More people have been arrested in recent years for sexually soliciting youths online, but the sharp increase comes from better enforcement, and the internet remains a relatively safe social environment, researchers said in a new study.

In a report released March 31, the researchers saw a nearly fivefold jump in arrests for soliciting undercover investigators who posed as juveniles–to 3,100 in 2006, up from 644 in 2000, the last time the study was conducted.

By contrast, arrests for solicitations of actual children increased only 21 percent–to about 615 in 2006, up from an estimated 508 in 2000–during a period in which internet usage also grew sharply.

The disparity indicates that the rise in arrests largely results from tighter enforcement rather than from an increase in the number of offenders, said David Finkelhor, director of the University of New Hampshire’s Crimes Against Children Research Center, which conducted the study.
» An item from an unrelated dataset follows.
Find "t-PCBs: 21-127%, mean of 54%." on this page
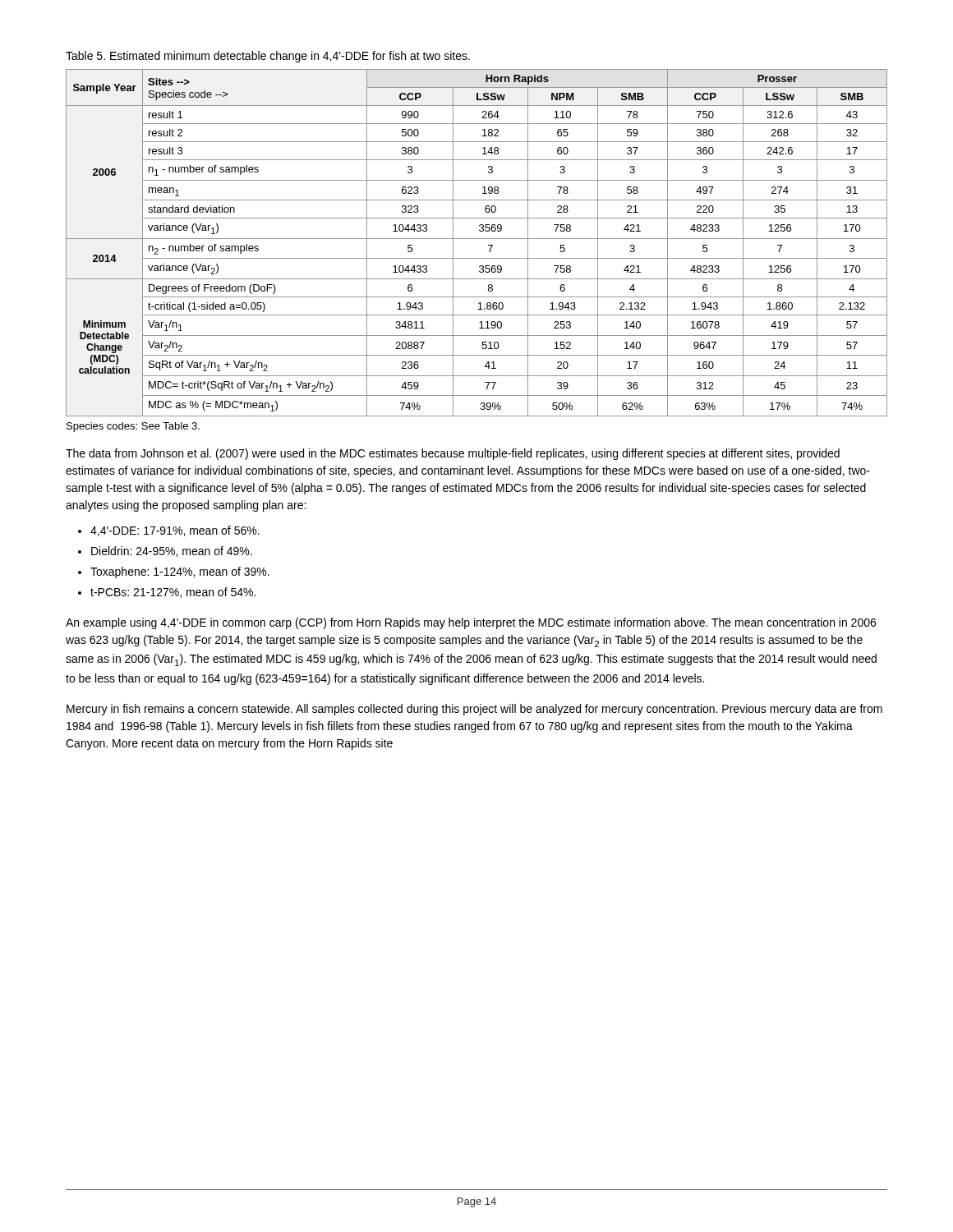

Otherwise, he said, the rate of growth for the two groups would be more similar.

Throughout the decade, the federal government helped fund Internet Crimes Against Children Task Forces across the country, while some states have updated their laws to address online solicitations.

The large increase in arrests shows that such efforts are working, said John Palfrey, an internet safety expert at Harvard University who was not involved in the study.

"The law enforcement community [members] should take pride in the fact that they are doing some things right," said Palfrey, who recently headed a task force charged with assessing technologies for protecting children from unwanted contact online.

The New Hampshire center’s data from 2000 have been widely cited in internet safety circles, but they predate the popularity of social networks such as News Corp.’s MySpace. In providing the update, the researchers are hoping to assuage fears that parents might have about their children spending time in such online hangouts.

Researchers did see solicitations shift from chat rooms, where children used to be propositioned most frequently, to online social networks, as young people spend more time there. But the researchers found no evidence that minors were being lured by predators based on the personal information they post. Rather, they said, youths often were actively seeking relationships with people they knew to be adults.

This conclusion largely matches that of other researchers and internet safety experts who have studied the issue. (See "Online safety: Dispelling common myths.")

The researchers also said the arrests of online predators in 2006 represent just 1 percent of all arrests for sex crimes against minors, which declined overall.

Both sets of arrest figures represent estimates from mail and telephone surveys with more than 2,500 law-enforcement agencies. The 2000 study was based on arrests from July 1, 2000, to June 30, 2001, while the 2006 data were for that calendar year.

A small number of individuals were arrested for both soliciting an undercover agent and a child; those cases were included only in the total for youths.